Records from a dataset
=-=-=
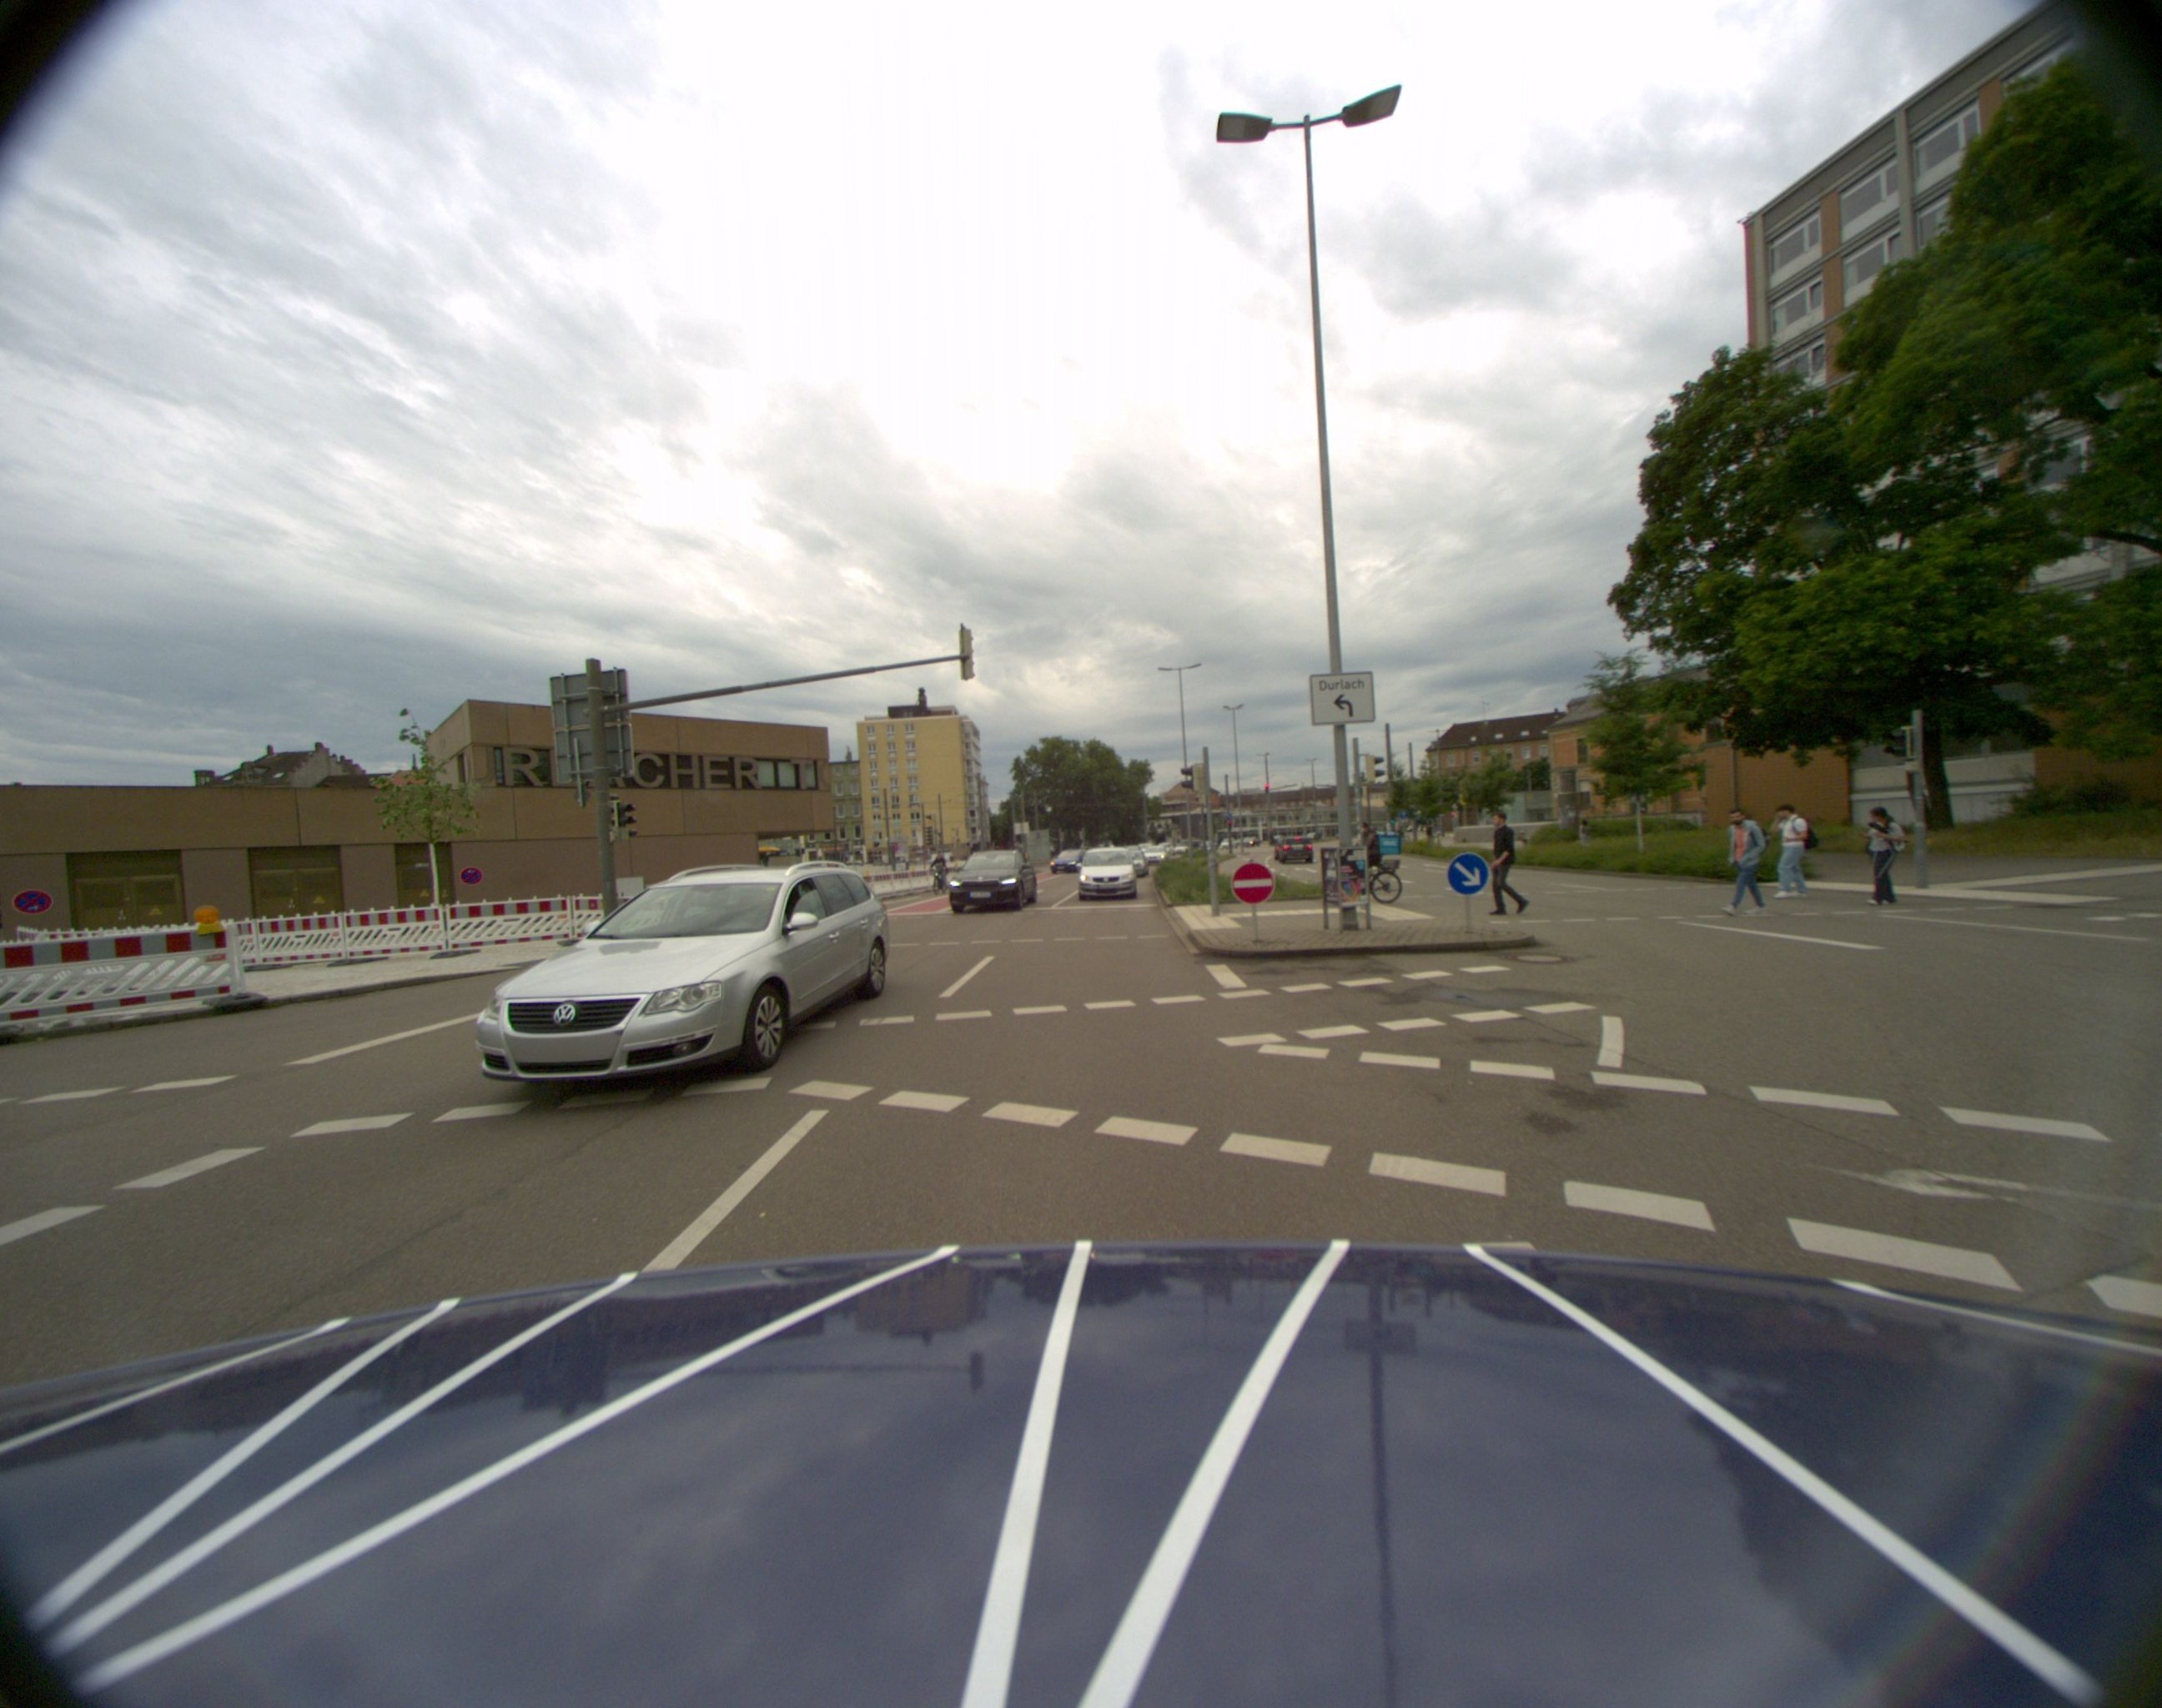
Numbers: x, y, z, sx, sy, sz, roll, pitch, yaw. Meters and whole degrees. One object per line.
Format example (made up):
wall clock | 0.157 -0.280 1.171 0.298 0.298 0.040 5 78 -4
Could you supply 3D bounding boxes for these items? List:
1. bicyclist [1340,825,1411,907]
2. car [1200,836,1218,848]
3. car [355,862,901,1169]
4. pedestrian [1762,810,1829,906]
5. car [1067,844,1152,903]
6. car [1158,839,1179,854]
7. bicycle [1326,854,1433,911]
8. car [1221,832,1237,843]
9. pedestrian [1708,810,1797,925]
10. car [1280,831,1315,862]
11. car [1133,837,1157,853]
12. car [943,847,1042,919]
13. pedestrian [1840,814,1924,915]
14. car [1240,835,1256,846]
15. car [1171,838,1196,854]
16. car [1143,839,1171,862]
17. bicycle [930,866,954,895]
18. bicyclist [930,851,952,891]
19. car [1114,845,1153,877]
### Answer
bicyclist | 6.462 0.249 16.709 1.192 1.726 0.806 -2 1 -5
car | 17.970 -1.655 106.326 1.607 1.587 3.764 -2 1 22
car | -3.109 0.949 6.577 1.829 1.542 4.526 -3 1 2
pedestrian | 13.888 0.075 14.773 0.769 1.794 0.739 -3 1 -31
car | 0.798 0.540 24.249 1.735 1.594 4.101 -5 2 -11
car | 10.132 -0.915 87.886 1.802 1.587 3.763 -2 1 15
bicycle | 6.552 0.614 16.729 2.006 1.136 0.806 -2 1 -5
car | 22.372 -2.494 114.668 1.607 1.587 3.764 -2 1 22
pedestrian | 10.877 0.218 12.328 0.918 1.794 0.540 -2 1 7
car | 13.030 -0.485 45.904 1.814 1.658 3.951 -2 2 13
car | 6.655 -0.947 78.128 1.817 1.466 4.036 -2 1 14
car | -2.356 0.720 21.457 1.911 1.615 4.490 -3 2 4
pedestrian | 13.688 0.174 12.998 0.778 1.658 0.706 -3 1 -18
car | 24.598 -1.981 111.993 1.607 1.587 3.764 -2 1 22
car | 12.717 -0.971 94.297 1.995 1.805 4.006 -2 1 23
car | 5.677 -0.309 56.546 1.785 1.455 3.872 -4 2 8
bicycle | -5.865 1.096 32.076 0.694 1.123 1.867 -2 1 -2
bicyclist | -5.892 0.718 32.029 0.694 1.626 0.884 -2 1 -2
car | 2.894 0.336 41.094 1.725 1.406 4.247 -5 1 8
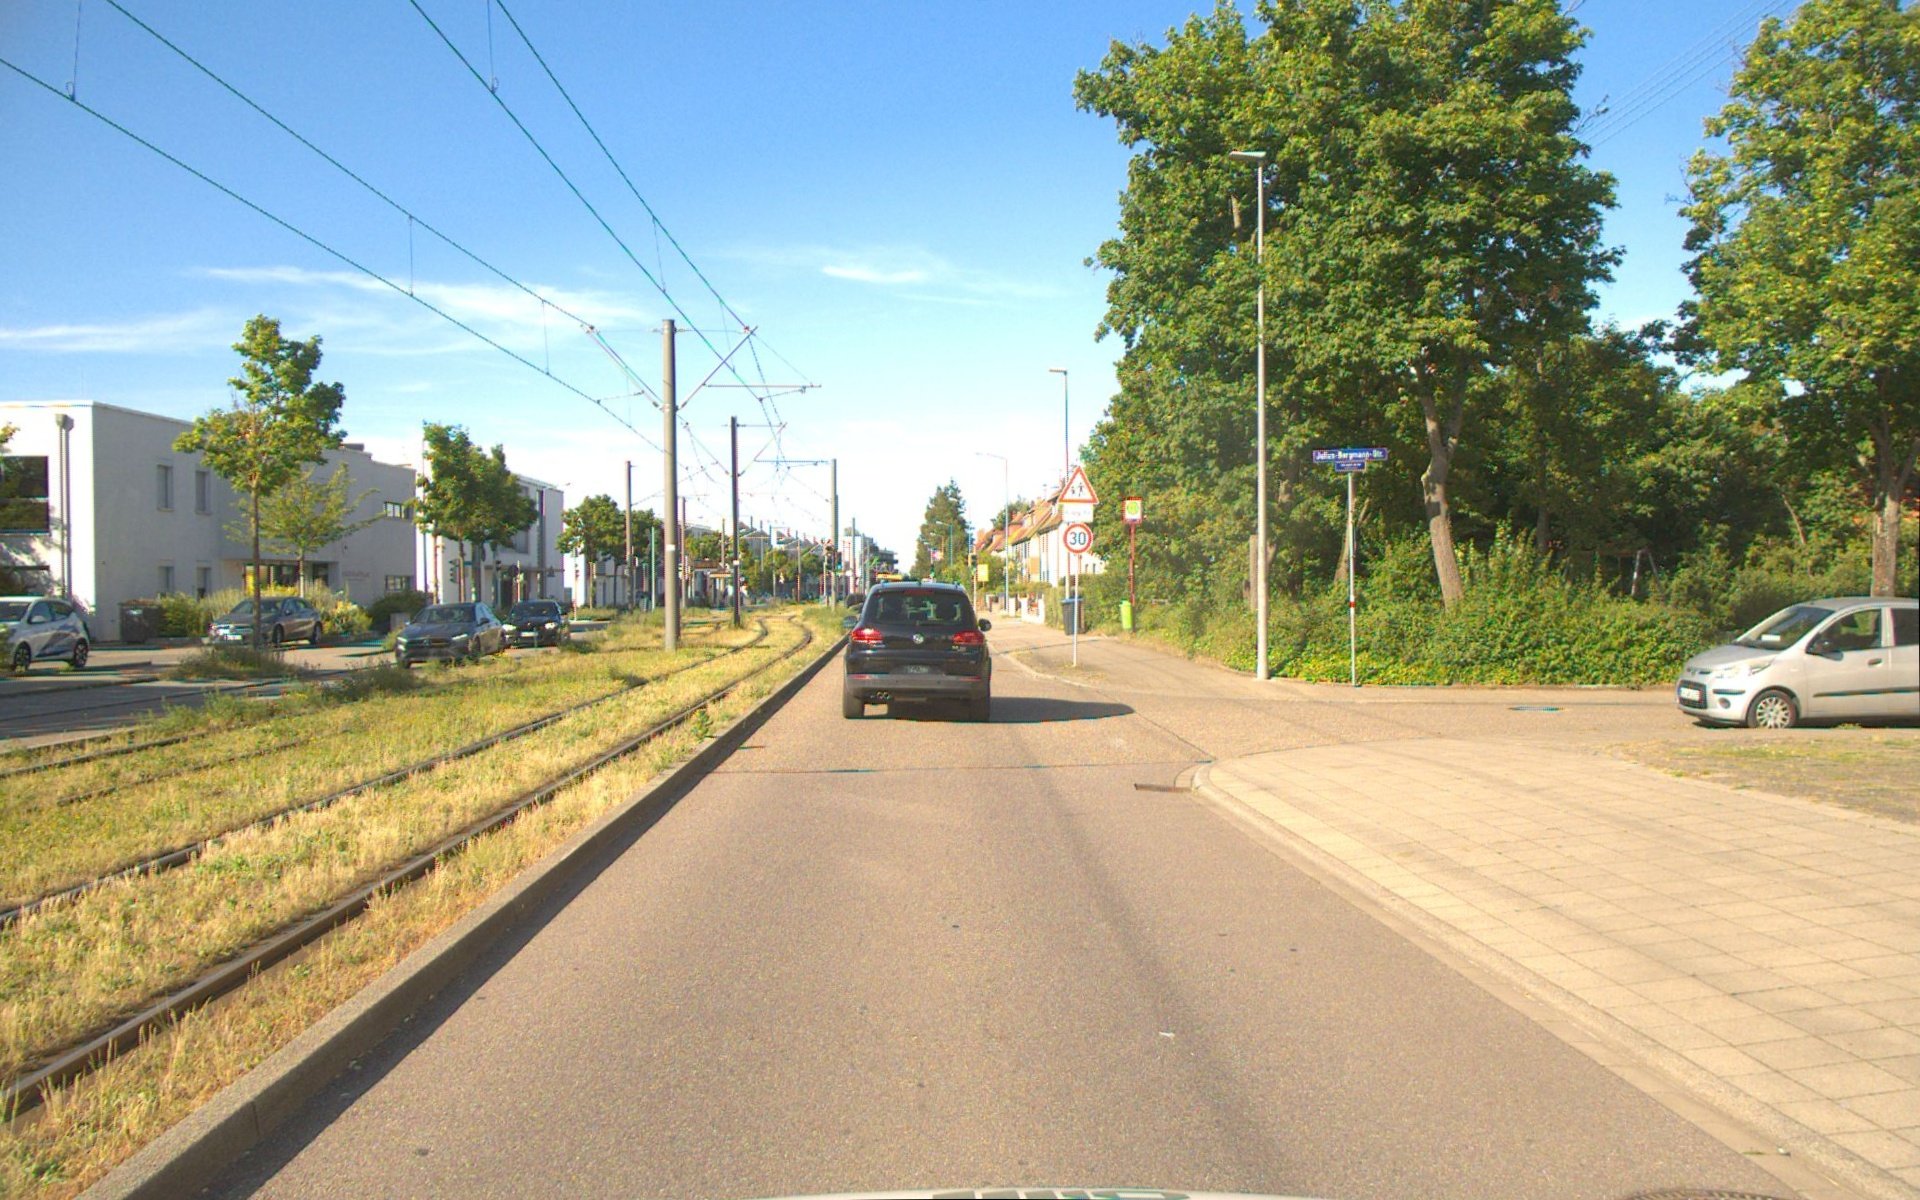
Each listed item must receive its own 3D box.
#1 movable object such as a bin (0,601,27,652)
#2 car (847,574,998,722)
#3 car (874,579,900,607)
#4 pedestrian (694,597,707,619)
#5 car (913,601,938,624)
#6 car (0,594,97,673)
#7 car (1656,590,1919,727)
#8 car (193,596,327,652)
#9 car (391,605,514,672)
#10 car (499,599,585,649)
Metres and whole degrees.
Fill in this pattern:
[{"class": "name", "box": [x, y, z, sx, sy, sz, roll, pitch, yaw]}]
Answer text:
[{"class": "movable object such as a bin", "box": [-27.060, 0.744, 46.556, 0.650, 1.407, 1.422, 1, 0, 6]}, {"class": "car", "box": [-0.567, 0.568, 21.295, 1.741, 1.699, 3.997, 1, 0, -4]}, {"class": "car", "box": [-6.944, -0.690, 158.079, 2.346, 2.609, 5.528, 0, 0, -1]}, {"class": "pedestrian", "box": [-18.799, 0.562, 119.781, 0.868, 1.615, 0.624, 0, 0, -20]}, {"class": "car", "box": [-2.635, 0.946, 125.224, 1.741, 1.699, 3.997, 0, 0, -4]}, {"class": "car", "box": [-19.224, 0.633, 33.640, 1.513, 1.517, 3.772, 1, 0, -3]}, {"class": "car", "box": [10.505, 0.678, 19.932, 3.521, 1.557, 1.647, -1, -1, -1]}, {"class": "car", "box": [-19.677, 0.657, 46.674, 1.773, 1.486, 4.318, 1, 0, 2]}, {"class": "car", "box": [-11.817, 0.865, 38.773, 1.654, 1.413, 4.385, -2, 0, -2]}, {"class": "car", "box": [-13.296, 0.740, 52.892, 1.727, 1.469, 4.913, -2, 0, -3]}]
=-=-=
**WHAT IS REQUIRED:**
On how many lines above does the word "roll" appear? Only the number should be given.

**OUTPUT FOR THIS EXERCISE:**
2